Anyway the phishing emails, which are now common from local South African banks, came through from international banks as far back as 5 years ago. Back in 1997 I worked for Internet Solutions who implemented both Nedbank and First National Bank’s Internet banking products and this gave me the inside scoop like nothing else. I immediately adopted online banking being a long-term client of FNB because my mother worked for them for last 32 years. As a long time user of online banking I have seen various trends come and go but this phishing trend is only growing bigger and more pervasive. And I can say with 100% confidence I’ve never been duped into following up on phishing requests. It’s really simple for because I have 15 years of experience on the Internet I can recognise these fake emails a mile away. How do you recognise these phishing emails from your local South African bank?
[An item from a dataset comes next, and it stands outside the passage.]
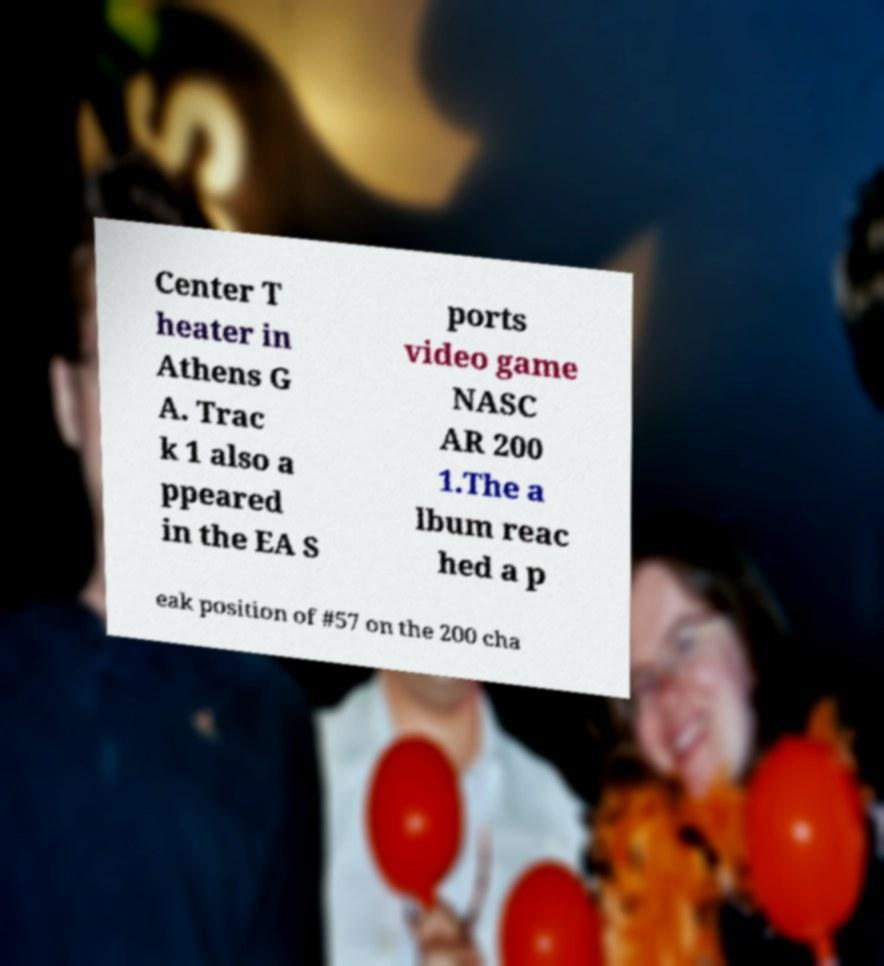Please identify and transcribe the text found in this image. Center T heater in Athens G A. Trac k 1 also a ppeared in the EA S ports video game NASC AR 200 1.The a lbum reac hed a p eak position of #57 on the 200 cha

Firstly these emails are coming through much more frequently than your bank bothers to communicate with you. If banks only began communicating with educational marketing messages they could have avoided some of the embarrassment they have since faced.
The basic thing to do here is to look at the link for the website. So even though the link above said www.online.fnb.co.za the actual link would be more like http://somespammerwebsite/fnb – what you need to do is look at if the link address (while hovering your mouse over the underlined, linked text) is the same as your bank’s actual website domain e.g. fnb.co.za, absa.co.za, nedbank.co.za or standardbank.co.za!
I have also noticed phishing emails coming from Investec and other financial services companies, NOT just the banks.
When you’re in doubt delete all such email requests. And an even better solution is to use your email software like Microsoft Outlook, Mozilla Thunderbird or Gmail to list them as spam, if the email software has not done so already. Finally I highly recommend you read up on the consumer advice from the Anti-Phishing Working Group and apply all the same to South African Internet experience.